15 years of hard work, and all we’ve got to show for it is this damn mustard seed!
Where are the results? Hidden! Like yeast that’s hidden somewhere in the dough! Oh yeah, the Kingdom of God is doing its work, you can be sure, but don’t put a timeline on exactly how long you think it’s going to take before you see tangible results!
One day … you’ll be able to put that magnificent pearl around your neck! One day you’ll be able to cash in your treasure! One day you’ll see how that mysterious and invisible yeast has transformed the whole enormous lump. One day … that tiny seed will become a huge oversized bush full of galas! (now there’s a powerful image for the church).
In the meantime, we pay the price, we give up everything we have, we hang on to the mustard seed, and we keep on kneading, because we believe that one day … the Kingdom!
Well … what do you think?
Was it worth getting off at the MacDonaldtown Parables? Did you perceive anything new in them today? Quite possibly not. That’s OK. Jesus said,
“Every scribe who has been trained for the kingdom of heaven is like a master of a house, who brings out of his treasure what is new and what is old.”
God knows that we need fresh insight into the Scriptures and into our world, but it doesn’t hurt to be reminded of the old truths either. The godly scribe needs treasures that are new and old.

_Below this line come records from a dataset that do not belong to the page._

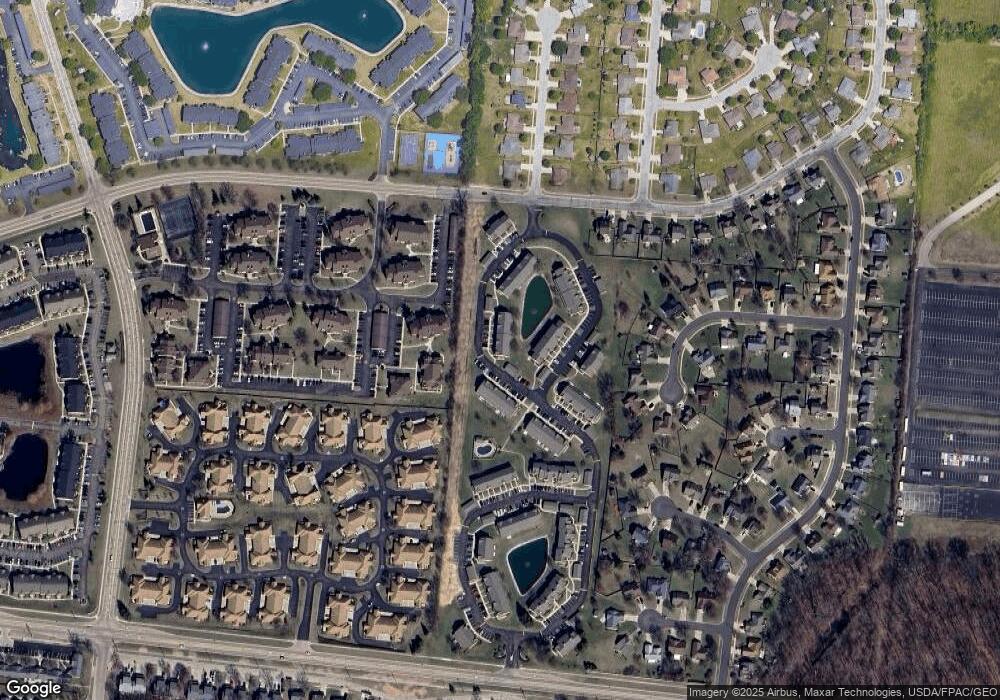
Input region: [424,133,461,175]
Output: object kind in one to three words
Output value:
sports court
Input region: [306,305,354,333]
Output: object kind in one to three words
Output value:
building
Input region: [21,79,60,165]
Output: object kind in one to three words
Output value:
building
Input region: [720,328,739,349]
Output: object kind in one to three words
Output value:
house
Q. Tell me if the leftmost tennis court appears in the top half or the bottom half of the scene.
top
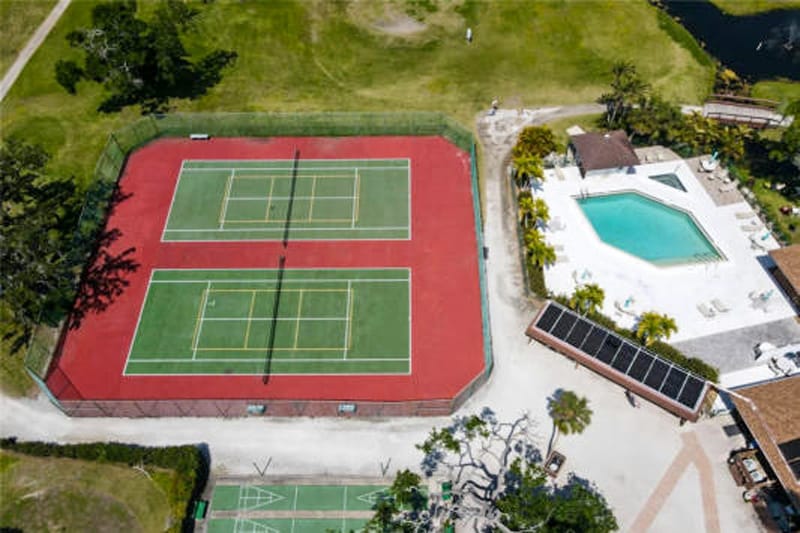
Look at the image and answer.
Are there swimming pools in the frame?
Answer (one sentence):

We need fresh insight. We need fresh perspectives on life and ministry, but we need too the old, old story, and we need to keep being reminded of the fundamental truths - that following Jesus is going to cost us all that we have, and that we can never count on seeing tangible results for our efforts. Yet we can be confident that our work is having its effect, and as sure as there’s a gala for every mustard tree, we can be sure … that one day … the Kingdom.